Warung makan "Ibu Tama" begitu orang menyebutnya, sebuah tempat makan favorit para mahasiswa dan karyawan bergaji pas-pasan di lingkungan tempat indekosnya Kasuma. Tempat makan itu terlihat biasa saja mirip warteg-warteg standar berdinding semi permanen yang dicat warna hijau muda. Kapasitas bangku panjang yang terdapat tiga buah di dalamnya mungkin cuma muat untuk duduk lima belas orang berjejalan, namun jangan ditanya saat peak hour jam makan siang, warung itu akan penuh sesak dengan antrian puluhan mahasiswa dan pekerja yang sedang kelaparan.

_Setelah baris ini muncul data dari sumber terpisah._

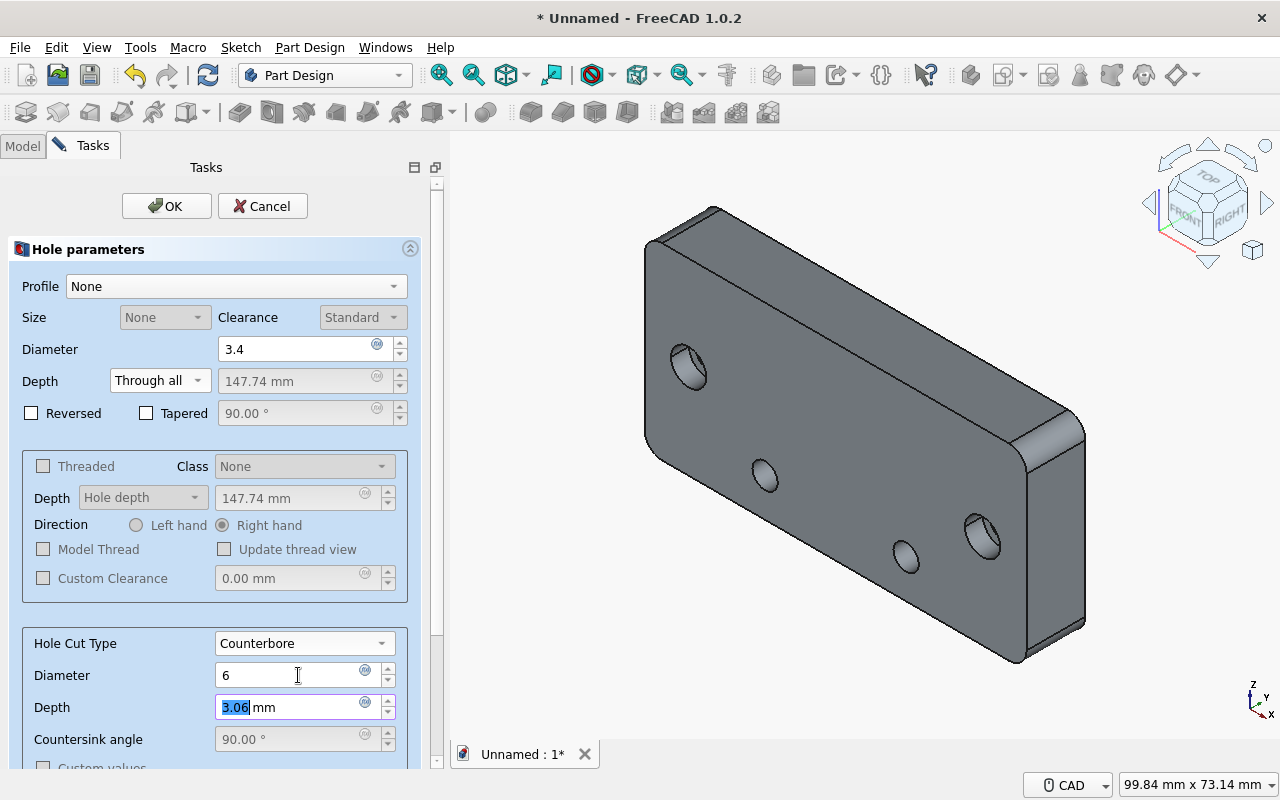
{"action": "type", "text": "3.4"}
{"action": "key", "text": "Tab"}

"Murah Boleh, Enak Pasti", itulah semboyan yang sering didengungkan Ibu Sutama janda berusia 40-an tahun pemilik warung itu. Dan itu bukanlah semboyan omong kosong, sudah terbukti beberapa pelanggan baru yang ikut mengisi perut di warung itu akan balik lagi walaupun tempat tinggal mereka cukup jauh karena kangen dengan cita rasa dan harga yang ditawarkan warung "Ibu Tama" tersebut.
Kasuma tokoh kita ini termasuk salah satu korbannya, malah sudah tergolong fanatik, walau perut sudah keroncongan di jalan dia tetap tak tergoda demi mendapatkan sensasi makan di warung tercinta. Kasuma mungkin termasuk pelanggan kesayangan di warung itu, desas desus yang beredar Ibu warung naksir berat sama dia untuk dijodohkan sama anak perawannya yang masih sekolah di SMP.
Pada suatu sore yang cerah, Kasuma tampak berjalan lunglai mengarah ke warung Ibu Tama. Tadi siang dia sudah melewatkan perutnya dari makan besar karena ada limpahan traktir-an bakso di kampus, imbalan bikin tugas dosen buat teman kuliahnya. Dan itu sudah dianggap Kasuma cukup buat menahan laparnya sampai makan malam. Di tangannya Kasuma menenteng rantang kecil terbuat dari kaleng yang ada pegangannya. Hari ini dia merasa sangat beruntung, tadi Ibu kos menyuruhnya buat membelikan soto daging yang terkenal enak di warung "Ibu Tama" ini.
Sambil menyerahkan selembar uang 20 ribu Ibu kos ngomong, "Kasu, tolong Ibu belikan soto ke warung sana itu ya, ini duitnya beli saja semua, nanti kalau kamu mau ambil sotonya separuh, ibu gak bakal bisa habisin sendirian juga."
Maka tak disangsikan lagi walaupun tergontai-gontai jalannya, Kasuma melaju dengan girang, "Aduhaiii, hari ini indah sekali, setidaknya tinggal beli nasinya saja, hiduplah aku sampe besok pagi," pikir Kasuma senang.
Sesampainya di tempat, warung Ibu Tama terlihat sepi, hanya tampak dua orang mahasiswa yang sedang lahap makan sambil ngobrolin skripsinya, di samping pintu masuk tampak seorang bapak tua yang sedang sibuk menyeruput teh manisnya yang terlihat masih panas mengebul.
Kasuma mendekat ke seseorang di balik etalase kaca, "Ibuukk ... soto dagingnya masih ada?"
Seorang ibu bertubuh gemuk yang tampak enerjik mengangkat kepalanya dan menyahut ramah, "Eh, nak Kasuma, lagi tumben gak maam disini, sotonya masih anget kok, hei, En ... Enny! ini dibantu kakakmu mau soto daging!"
Ibu Tama meneriaki anak gadisnya yang sedang memotong-motong daun bawang. Enny gadis kecil masih SMP yang berkulit coklat terang namun punya hidung mancung dan mata yang indah menyahut dengan malu-malu, "Kakak Kasu, mau beli berapa?"
Setelah menyerahkan selembar 20 ribu pemberian Ibu kos tadi, Kasuma memperhatikan Enny yang dengan kikuk memasukkan ramuan soto ke dalam rantangnya karena digodain ibunya yang sebentar-sebentar ngomong.
"Enny! bikinnya yang enak dan banyakan loh, itu buat kakakmu ini." Akhirnya soto daging itu siap, Enny menyerahkannya sambil menggigit bibir bawahnya dan melirik ke bawah.